Ella le dio una de las copas y después se abrazó a sus rodillas dobladas, sonriéndole.
— ¿Qué más tuviste que aprender?
— ¿Aprender? No, nada de aprender, querida... dominar —la corrigió mientras chocaba ligeramente su copa con la de ella a modo de brindis—. Mi padre no hubiese admitido menos. «Debes ser el más fuerte, el más inteligente, el mejor, Edward», decía mi padre. —Y él imitaba la voz de su padre—. La debilidad no me estaba permitida.
—Bastante riguroso —apuntó ella mientras sorbió un trago de vino.
Observándola, él hizo lo mismo, preguntándose cómo sabría en sus labios.
— ¿Por qué era tu padre tan estricto?
Edward bajó la copa.
—Bueno, él cree, como yo, que la única manera de imponer la autoridad es dando ejemplo. Si los hombres sienten signos de debilidad o inferioridad en su líder, se arrojarán a él como los lobos sobre los terneros heridos. —Se dio cuenta de su mueca y le sonrió, tratando de mantener el tono ligero de la conversación—. Para saber de todo, tuve todas las herramientas a mi disposición que me hicieran ser un modelo de ser humano. ¿Qué tal lo he hecho?
—No estoy segura —replicó con una mueca astuta que le resultó de lo más atractiva.
Sonriendo, se preguntó si ella se había dado cuenta de lo cerca que estaban. Él se sentaba con una mano por delante y ahora el hombro de ella descansaba en el espacio que había debajo de su brazo, como si se estuviera relajando sobre él cada vez más. Tenía miedo de hacer algún movimiento que la asustara y la alejase de él. Ella cruzó sus exquisitas piernas y flexionó los pies. Se estaba quitando los zapatos.

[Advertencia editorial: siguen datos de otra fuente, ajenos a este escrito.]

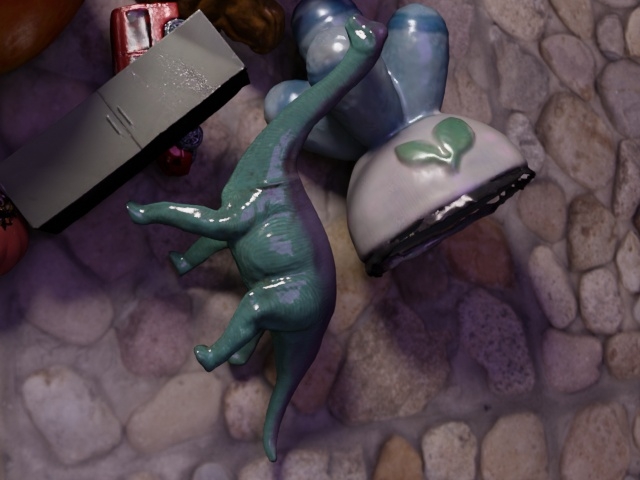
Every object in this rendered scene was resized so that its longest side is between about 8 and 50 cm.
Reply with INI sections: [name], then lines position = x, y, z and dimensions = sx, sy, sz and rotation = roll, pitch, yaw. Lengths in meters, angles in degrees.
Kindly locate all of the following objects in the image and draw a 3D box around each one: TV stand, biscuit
[TV stand]
position = -0.203, -0.120, 1.034
dimensions = 0.269, 0.088, 0.082
rotation = -39, 86, -1
[biscuit]
position = -0.146, -0.327, 1.114
dimensions = 0.290, 0.208, 0.041
rotation = 49, 43, -16

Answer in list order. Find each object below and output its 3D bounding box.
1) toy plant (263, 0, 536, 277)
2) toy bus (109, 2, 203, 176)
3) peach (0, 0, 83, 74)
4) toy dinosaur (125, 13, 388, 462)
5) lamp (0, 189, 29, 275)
[toy plant]
position = 0.072, -0.151, 1.171
dimensions = 0.247, 0.247, 0.332
rotation = -26, 82, -27
[toy bus]
position = -0.188, -0.168, 1.124
dimensions = 0.089, 0.081, 0.195
rotation = -5, 79, -15
[peach]
position = -0.380, -0.330, 0.919
dimensions = 0.388, 0.388, 0.388
rotation = 6, 75, -23
[toy dinosaur]
position = 0.000, 0.000, 1.051
dimensions = 0.331, 0.129, 0.383
rotation = -28, 95, 7
[lamp]
position = -0.349, -0.011, 1.003
dimensions = 0.107, 0.092, 0.107
rotation = 33, 31, -23
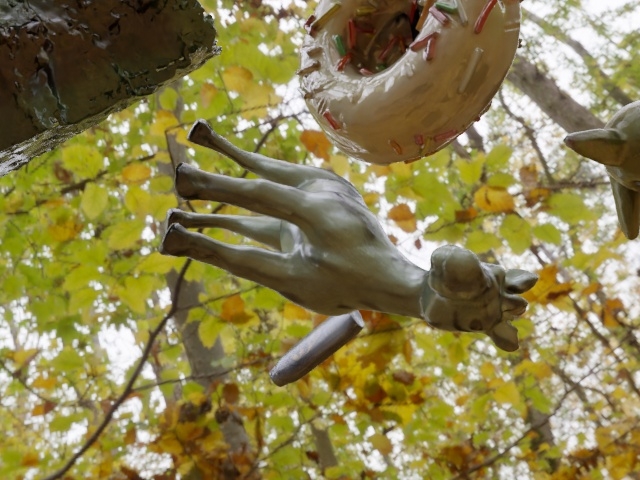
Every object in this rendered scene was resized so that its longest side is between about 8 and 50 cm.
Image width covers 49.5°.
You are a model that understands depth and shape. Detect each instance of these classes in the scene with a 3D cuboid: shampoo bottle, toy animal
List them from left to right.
[{"bbox_3d":[-0.013,-0.002,0.419,0.170,0.255,0.089,13,-75,-31],"label":"toy animal"},{"bbox_3d":[-0.011,0.226,1.464,0.234,0.087,0.049,-40,-61,17],"label":"shampoo bottle"},{"bbox_3d":[0.441,-0.103,0.896,0.181,0.180,0.363,-35,-13,27],"label":"toy animal"}]

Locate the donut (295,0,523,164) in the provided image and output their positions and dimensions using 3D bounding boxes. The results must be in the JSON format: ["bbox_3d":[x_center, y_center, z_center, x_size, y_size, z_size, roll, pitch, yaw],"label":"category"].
[{"bbox_3d":[0.119,-0.301,1.060,0.382,0.382,0.142,-47,-40,18],"label":"donut"}]

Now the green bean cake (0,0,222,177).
[{"bbox_3d":[-0.165,-0.102,0.378,0.209,0.193,0.107,-24,-79,0],"label":"green bean cake"}]

—Cuéntame más cosas de cómo fue crecer siendo el príncipe heredero. ¿Fue muy duro?
—Bueno, estaban las asignaturas académicas como leer, escribir y demás; las aptitudes sociales; los deportes, que era lo que más disfrutaba; y las artísticas, en ésas no sobresalía —añadió—. No tengo ningún talento artístico o musical, pero tengo buen gusto, por lo que mi padre no pudo culparme por eso.
—Me refería a cómo te sentías.
Él la miró dudoso durante un momento.
—Estaba bien.
Un rizo castaño caía con gracia por su mejilla cuando ella movió la cabeza, sonriéndole con escepticismo.

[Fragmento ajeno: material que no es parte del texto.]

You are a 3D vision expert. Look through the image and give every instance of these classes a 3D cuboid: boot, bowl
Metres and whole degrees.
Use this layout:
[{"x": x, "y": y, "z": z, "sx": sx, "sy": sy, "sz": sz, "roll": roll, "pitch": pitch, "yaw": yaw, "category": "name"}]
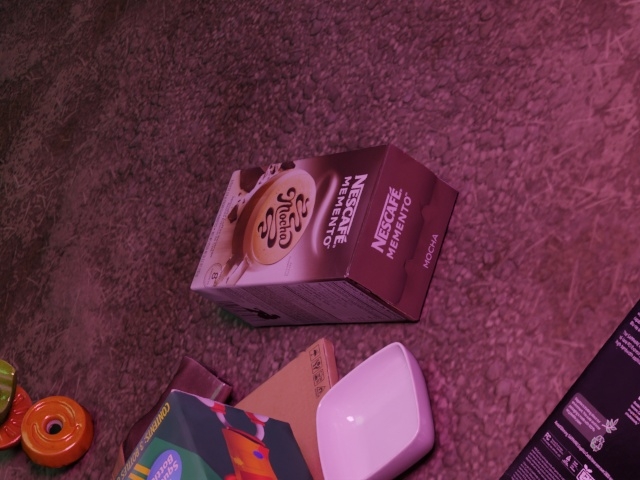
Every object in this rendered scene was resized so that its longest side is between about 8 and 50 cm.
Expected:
[{"x": -0.166, "y": 0.257, "z": 1.837, "sx": 0.207, "sy": 0.090, "sz": 0.248, "roll": -60, "pitch": 30, "yaw": 2, "category": "boot"}, {"x": 0.063, "y": 0.194, "z": 1.625, "sx": 0.142, "sy": 0.053, "sz": 0.142, "roll": -40, "pitch": 39, "yaw": 26, "category": "bowl"}]

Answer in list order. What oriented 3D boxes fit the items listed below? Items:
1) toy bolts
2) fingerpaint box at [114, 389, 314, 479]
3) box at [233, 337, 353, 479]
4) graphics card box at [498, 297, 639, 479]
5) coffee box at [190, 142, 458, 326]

—No sé. Todo el mundo me tenía envidia —admitió, tirándole suavemente del rizo como si fuera un muelle—. La primera ley de supervivencia que debes aprender en tu nueva vida como princesa, Isabella, es que todo el mundo en la corte tiene una agenda. Como puedes hacer mucho por ellos si les eliges, todos te reirán las bromas y alabarán todos tus juicios, pero nunca sabrás quién es tu verdadero amigo. —Le sujetó la barbilla con delicadeza y le guiñó un ojo—. Excepto conmigo, claro.
Ella le sonrió afectuosamente. Sus ojos eran tan claros como el agua, y parecía tan despreocupada como una niña. Un sentimiento de culpa le sobrevino al darse cuenta de que estaba introduciéndola en el peligroso mundo de la vida palaciega. Ella no estaba preparada, era demasiado inocente. Tendría sin duda que cuidar muy bien de ella.
Levantó la copa hacia ella con una sonrisa y bebió, después se quedaron un rato en silencio, sentados uno al lado del otro disfrutando de la mutua compañía. La brisa de la tarde les rozaba la piel mientras el sol empezaba ya a descender por el oeste.
Edward seguía dándole vueltas al tema que ella había sacado. De repente, empezó a hablar, con la mirada fija en las olas.
—Imagino que conoces la historia de cómo mis abuelos paternos fueron asesinados cuando eran apenas unos años mayores que tú y que yo ahora, ¿no? Mi padre era sólo un niño entonces y fue el único que sobrevivió a la tragedia.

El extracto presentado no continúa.